Shavuot is coming, and barring a medical miracle, we will be celebrating at home … again!
As a member of Chabad.org/AsktheRabbi and as a writer on the editorial team, I have had a front-row seat as our nation has prepared to celebrate various holidays alone together. We have fielded gut-wrenching questions from isolated seniors, struggling families, and so many others.
But the goal was simple enough: To help as many people as possible celebrate as normally as possible. And with creativity, strength, faith, and compassion, we, the Jewish people, passed with flying colors. We crunched our matzah, drank our wine, and put a little extra feeling into our wishes that we celebrate next year in Jerusalem.
So yes, we miss going to synagogue on a daily basis, but we knew that we could celebrate Passover at home, because, well, what better place is there to celebrate Passover than a Jewish home?
But Shavuot is a different story.
You see, the Rebbe—Rabbi Menachem M. Schneerson, of righteous memory—has encouraged every living Jew, from newborns to nonagenarians and beyond, to be present during services on the first morning of Shavuot, when we relive the experience by reading the record of the event from the Torah scroll.
And the Torah reading can only take place if you have a) a kosher Torah scroll, and b) a quorum of 10 adult males, neither of which I have conveniently stashed away in my living room.
So what will Shavuot be without the Torah reading? It will be like Yom Kippur without sneakers or a birthday party without a cake.
More than Passover and more than Lag BaOmer, I wondered about Shavuot weeks in advance. How would I celebrate, and what would I write to our readers all over the world wondering how to celebrate?
After a consultation with our rabbinic advisory board, I was ready to write our guide on celebrating Shavuot at home, including the directive that we each read the Ten Commandments (indeed the entire Torah reading if possible) from a printed text at home, recreating the synagogue experience to the best of our limited abilities.
But I was still not satisfied. How can it be that we will not attend synagogue on Shavuot?
Then I remembered one of the central lessons of the holiday, when we celebrate the dramatic union of Heaven and earth and how the Divine communicated directly with the Jewish nation.
Where did G‑d choose to conduct this vital historic event? Not on the Temple Mount in Jerusalem, not in the city of Hebron replete with spiritual and historic significance, and not even in a major population center.
He chose an anonymous mountain out in the sand-swept wilderness. Why?
The Midrash asks this very question.

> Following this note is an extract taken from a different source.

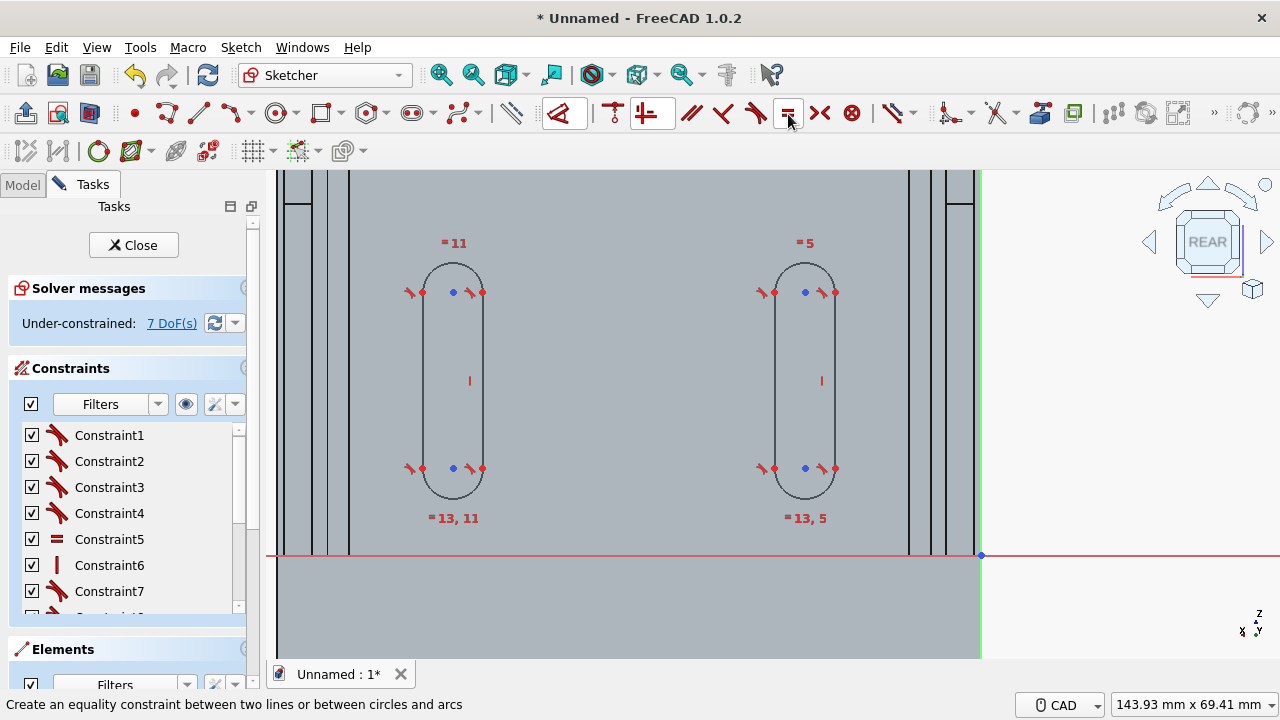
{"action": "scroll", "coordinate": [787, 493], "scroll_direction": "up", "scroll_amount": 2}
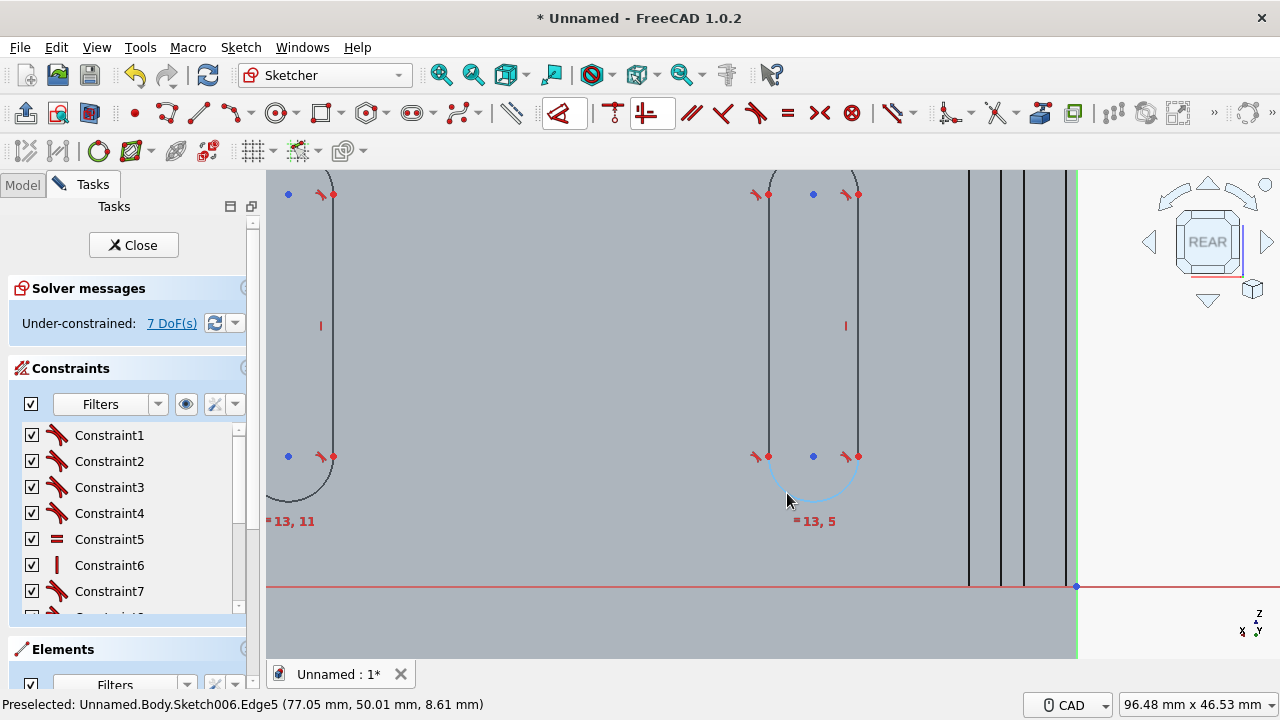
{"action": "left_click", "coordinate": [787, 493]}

Noting that the giving of the Torah was accompanied by flames of fire, and a deluge of water, the sages explain that the Torah was given in a place where everyone is free to roam, accompanied by things that are available, free of charge, to anyone in any place. The lesson, they explain, is that the Torah is not the domain of an elite group, limited to any set of circumstances. Rather it is equally accessible to everyone who wishes, wherever they are.
And this is the lesson that I take for myself.
My house does not have the pews or other trappings associated with a synagogue, but my house is Mount Sinai, and that is where I will be celebrating this Shavuot.